**YOUR ASSIGNMENT:** Count, in the entries below, the lines in which "list" occurs. Give the number, nothing more.

[Records from a dataset]
—————

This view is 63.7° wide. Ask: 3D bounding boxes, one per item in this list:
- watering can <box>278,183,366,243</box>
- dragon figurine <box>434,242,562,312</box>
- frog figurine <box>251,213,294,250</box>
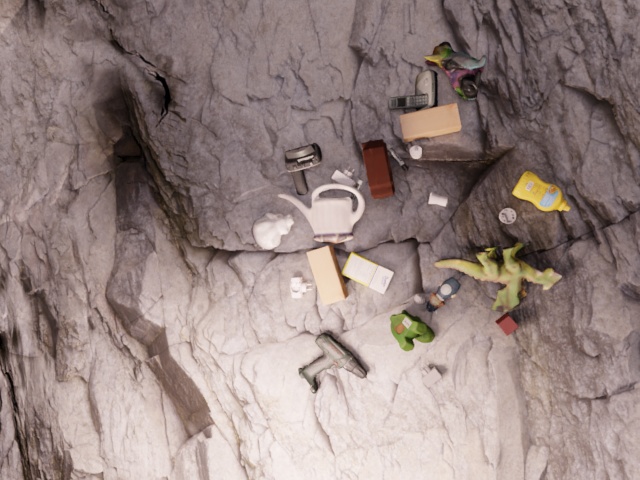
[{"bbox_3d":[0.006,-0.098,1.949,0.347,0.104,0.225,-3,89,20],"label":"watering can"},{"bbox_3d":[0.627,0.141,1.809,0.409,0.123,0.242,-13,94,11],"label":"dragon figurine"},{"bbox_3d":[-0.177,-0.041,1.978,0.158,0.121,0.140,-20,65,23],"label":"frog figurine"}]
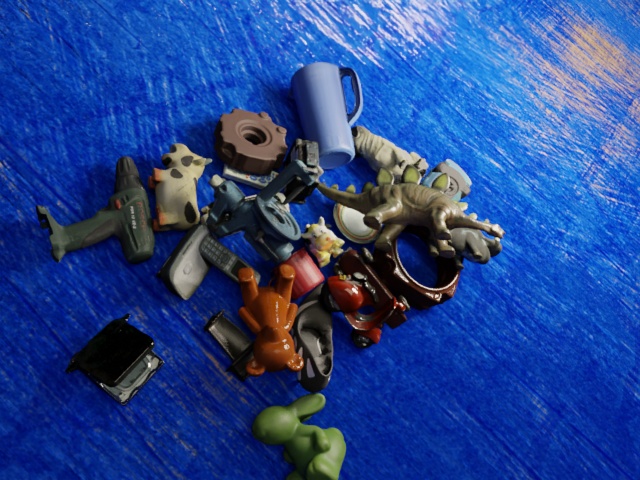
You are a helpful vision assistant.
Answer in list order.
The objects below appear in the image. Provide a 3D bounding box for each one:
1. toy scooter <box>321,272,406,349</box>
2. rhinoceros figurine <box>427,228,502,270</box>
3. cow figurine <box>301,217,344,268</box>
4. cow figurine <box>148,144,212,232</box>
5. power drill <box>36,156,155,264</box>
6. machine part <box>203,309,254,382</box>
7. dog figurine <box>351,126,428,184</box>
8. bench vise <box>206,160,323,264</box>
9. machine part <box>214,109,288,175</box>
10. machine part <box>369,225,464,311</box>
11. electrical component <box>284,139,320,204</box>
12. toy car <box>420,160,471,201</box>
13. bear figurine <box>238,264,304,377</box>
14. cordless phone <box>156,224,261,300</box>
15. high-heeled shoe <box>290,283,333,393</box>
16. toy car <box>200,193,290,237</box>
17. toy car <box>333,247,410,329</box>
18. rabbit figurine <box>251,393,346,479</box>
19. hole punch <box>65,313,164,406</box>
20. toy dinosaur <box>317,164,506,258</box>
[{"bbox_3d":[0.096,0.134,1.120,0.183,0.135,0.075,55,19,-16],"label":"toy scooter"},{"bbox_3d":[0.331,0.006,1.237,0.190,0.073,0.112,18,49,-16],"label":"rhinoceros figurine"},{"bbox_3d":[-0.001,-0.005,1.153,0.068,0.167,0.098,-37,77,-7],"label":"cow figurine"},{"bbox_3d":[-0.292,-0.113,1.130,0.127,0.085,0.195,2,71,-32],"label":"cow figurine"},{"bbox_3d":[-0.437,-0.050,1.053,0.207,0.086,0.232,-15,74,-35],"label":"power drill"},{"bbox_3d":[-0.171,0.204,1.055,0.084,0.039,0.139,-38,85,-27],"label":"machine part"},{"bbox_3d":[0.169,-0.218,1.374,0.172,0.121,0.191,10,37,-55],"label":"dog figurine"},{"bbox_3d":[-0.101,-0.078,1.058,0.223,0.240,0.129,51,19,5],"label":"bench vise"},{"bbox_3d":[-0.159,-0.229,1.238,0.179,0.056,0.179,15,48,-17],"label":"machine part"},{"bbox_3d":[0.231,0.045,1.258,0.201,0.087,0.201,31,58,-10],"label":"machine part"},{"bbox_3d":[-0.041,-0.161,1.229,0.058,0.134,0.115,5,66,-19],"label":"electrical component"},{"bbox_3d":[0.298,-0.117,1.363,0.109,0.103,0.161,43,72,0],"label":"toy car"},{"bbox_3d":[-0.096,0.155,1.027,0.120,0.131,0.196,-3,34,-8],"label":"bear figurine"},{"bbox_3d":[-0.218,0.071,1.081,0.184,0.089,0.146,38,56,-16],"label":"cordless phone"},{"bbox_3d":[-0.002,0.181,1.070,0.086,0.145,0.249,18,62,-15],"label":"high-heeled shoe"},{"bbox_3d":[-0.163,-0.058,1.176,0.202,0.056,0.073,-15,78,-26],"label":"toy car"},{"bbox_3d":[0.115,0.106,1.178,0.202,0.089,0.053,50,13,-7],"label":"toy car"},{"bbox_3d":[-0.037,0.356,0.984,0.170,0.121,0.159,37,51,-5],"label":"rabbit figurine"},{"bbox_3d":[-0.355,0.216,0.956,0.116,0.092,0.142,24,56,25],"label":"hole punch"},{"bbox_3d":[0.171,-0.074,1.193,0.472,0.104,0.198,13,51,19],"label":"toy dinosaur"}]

—————

**RESULT:** 2